*Problem requirements*
A single number is wanted: how many lines of the records below contain the word "degrees".

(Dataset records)
***

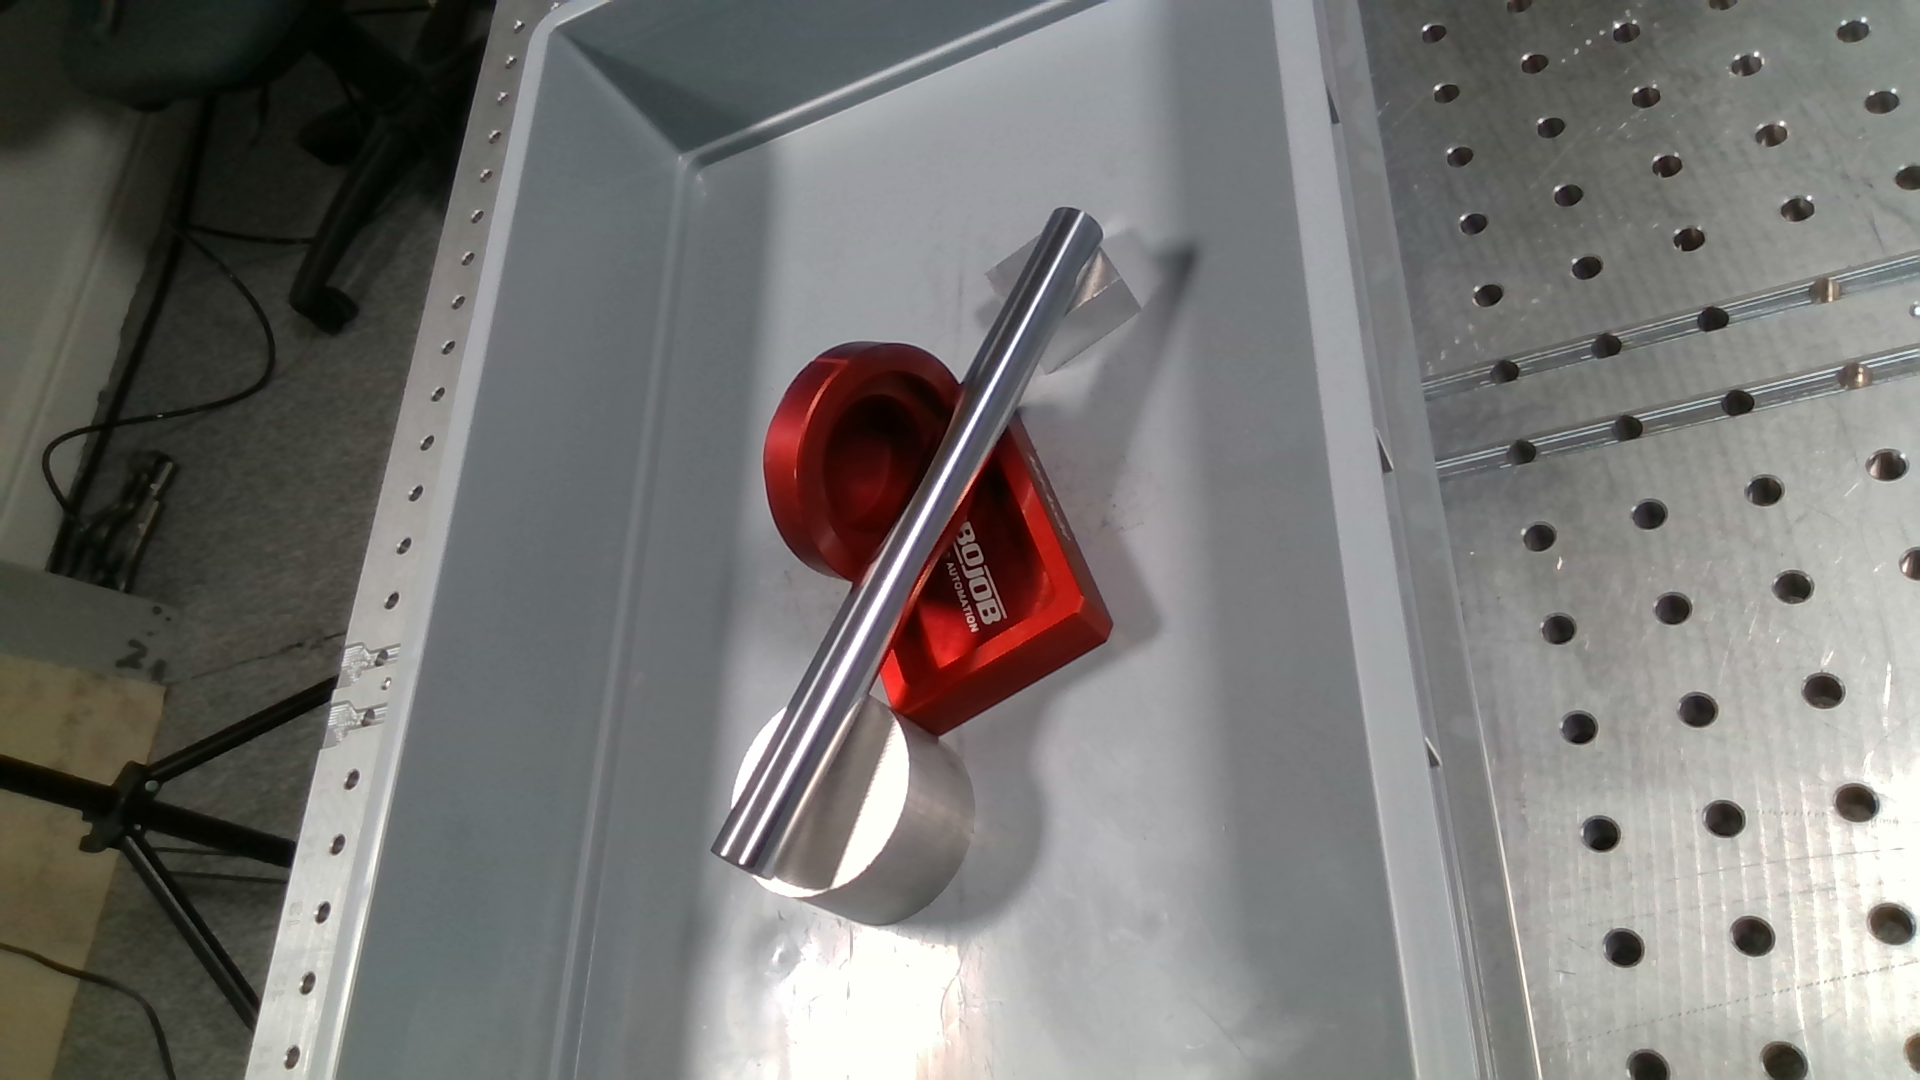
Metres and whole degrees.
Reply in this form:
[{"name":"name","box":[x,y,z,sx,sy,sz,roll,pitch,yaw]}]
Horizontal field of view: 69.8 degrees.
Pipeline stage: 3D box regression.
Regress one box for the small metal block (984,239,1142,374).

***

*Solution to this task*
2